|HERRMANN-HOESING, LYNN - Washington State University|
|NEISWANGER-BROUGHTON, LIAM - Washington State University|
|Johnson, W Carl - Carl|
|DASSANAYAKE, ROHANNA - Washington State University|
|Knowles Jr, Donald|
Submitted to: Open Journal of Veterinary Medicine
Publication Type: Peer Reviewed Journal
Publication Acceptance Date: 8/10/2012
Publication Date: 9/8/2012
Citation: Herrmann-Hoesing, L.M., White, S.N., Neiswanger-Broughton, L.E., Johnson, W.C., Noh, S.M., Schneider, D.A., Li, H., Taus, N.S., Reynolds, J.O., Truscott, T.C., Dassanayake, R.P., Knowles Jr, D.P. 2012. Ovine progressive pneumonia virus is transmitted more effectively via aerosol nebulization than oral administration. Open Journal of Veterinary Medicine. 2(3):113-119.
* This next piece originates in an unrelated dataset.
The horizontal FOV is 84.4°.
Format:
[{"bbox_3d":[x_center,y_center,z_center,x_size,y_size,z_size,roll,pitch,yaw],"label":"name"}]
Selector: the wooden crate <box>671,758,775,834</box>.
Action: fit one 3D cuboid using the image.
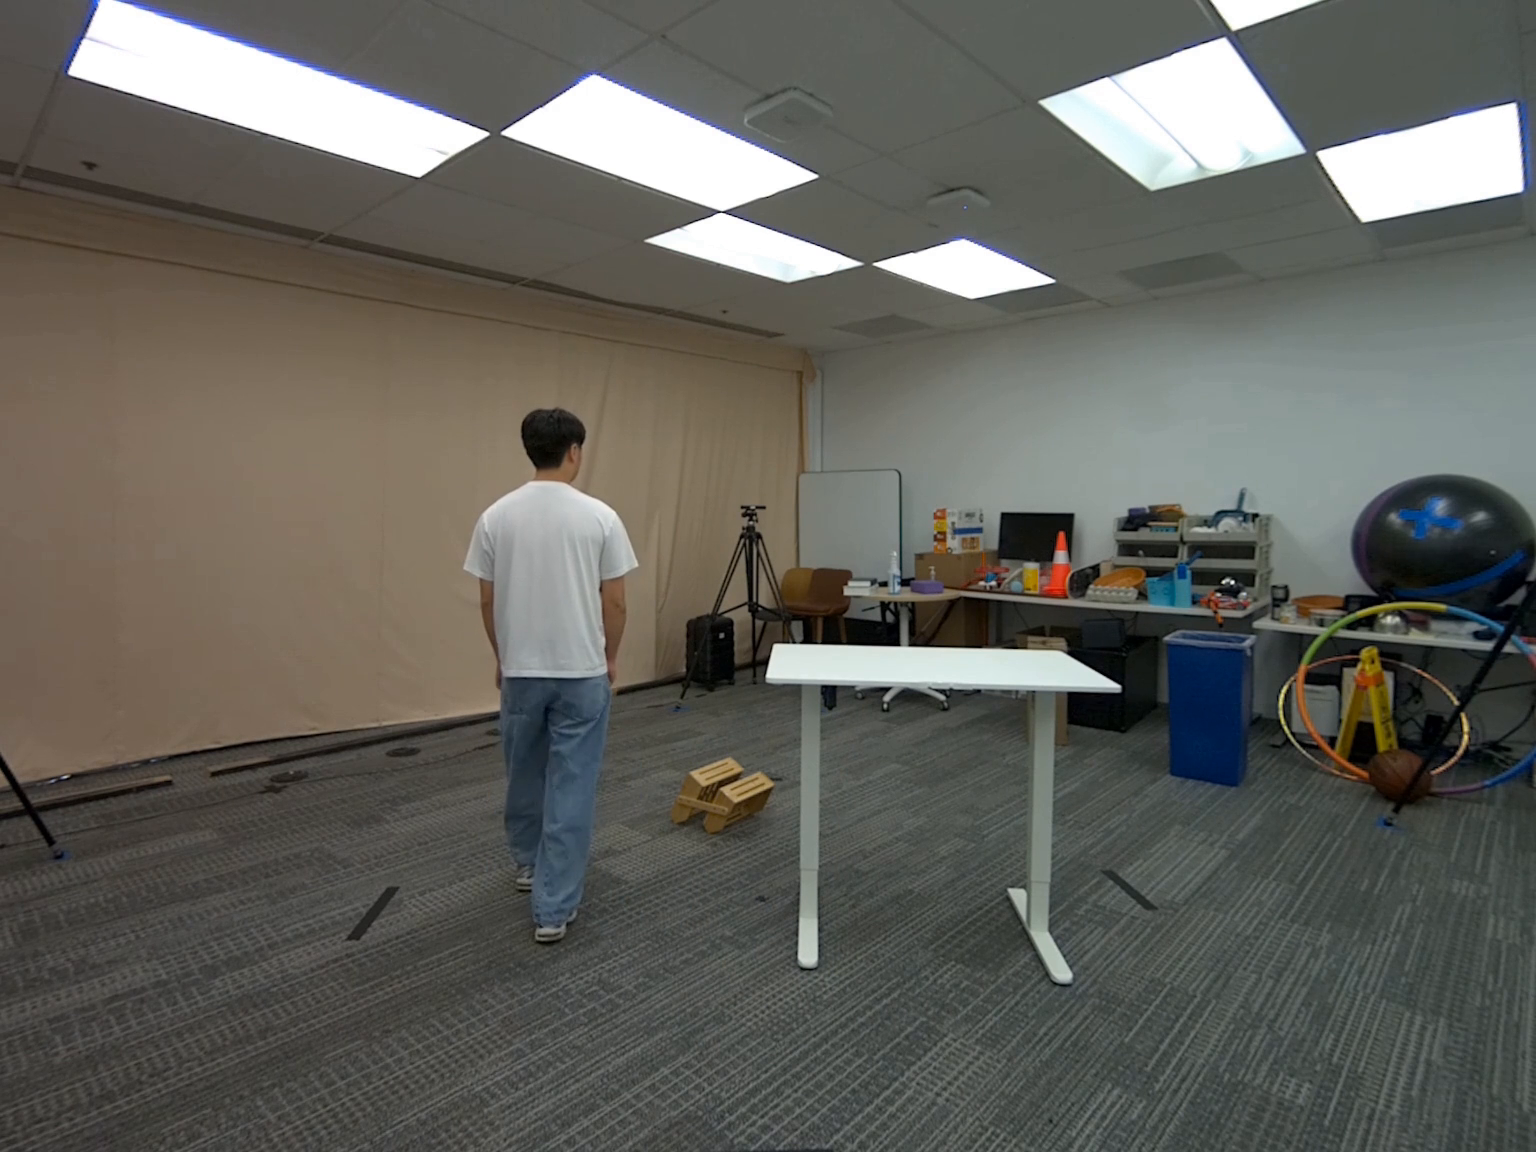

Interpretive Summary: Previous work included characterizations of experimental infection with ovine progressive pneumonia virus (OPPV) through intravenous (IV) and oral (PO) routes. This study was designed to test and compare aerosol nebulization (Nb) to those alternatives. Four out of four sheep in the IV group, six out of six sheep in the Nb group, and only two out of six sheep in the PO group became infected by OPPV. Sheep became OPPV positive by serology and proviral concentration more quickly in the Nb group as compared to the PO group. When the Nb and IV groups were compared, sheep became OPPV positive by serology and proviral concentration at comparable times. In addition, sheep became OPPV positive by proviral concentration prior to serology in both the IV and Nb groups. Aerosol nebulization can be utilized as an efficient experimental OPPV infection route for testing potential vaccines or specific host genetics that might contribute to susceptibility to OPPV.
Technical Abstract: A new method of experimental infection of ovine progressive pneumonia virus (OPPV), aerosol nebulization (Nb), was compared to intravenous (IV) and oral (PO) methods of experimental infection. Seven month old lambs were given 3.5 × 107 TCID50 of Dubois OPPV LMH19 isolate using IV, PO, or Nb methods and were monitored for infection using cELISA and OPPV quantitative (q) PCR for 35 weeks. Four out of four sheep in the IV group, six out of six sheep in the Nb group, but only two out of six sheep in the PO group became infected by OPPV; whereas the uninoculated controls (n = 2) and a sentinel control (n = 1) remained uninfected during the course of the study. The time to a cELISA or OPPV qPCR positive result in the Nb group was quicker and statistically different from the time to a cELISA or OPPV qPCR positive result in the PO group (cELISA P value = 0.0021 and OPPV qPCR P value = 0.0007). When the Nb and IV groups were compared, sheep became cELISA and OPPV qPCR positive at similar times (cELISA P value = 0.6 and OPPV qPCR P value = 0.1). In addition, sheep became OPPV qPCR positive prior to cELISA in both the IV and Nb groups (IV P value = 0.027 and Nb P value = 0.007). Aerosol nebulization is a more natural experimental method of transmitting OPPV and may be valuable for testing potential vaccines or specific host genetics.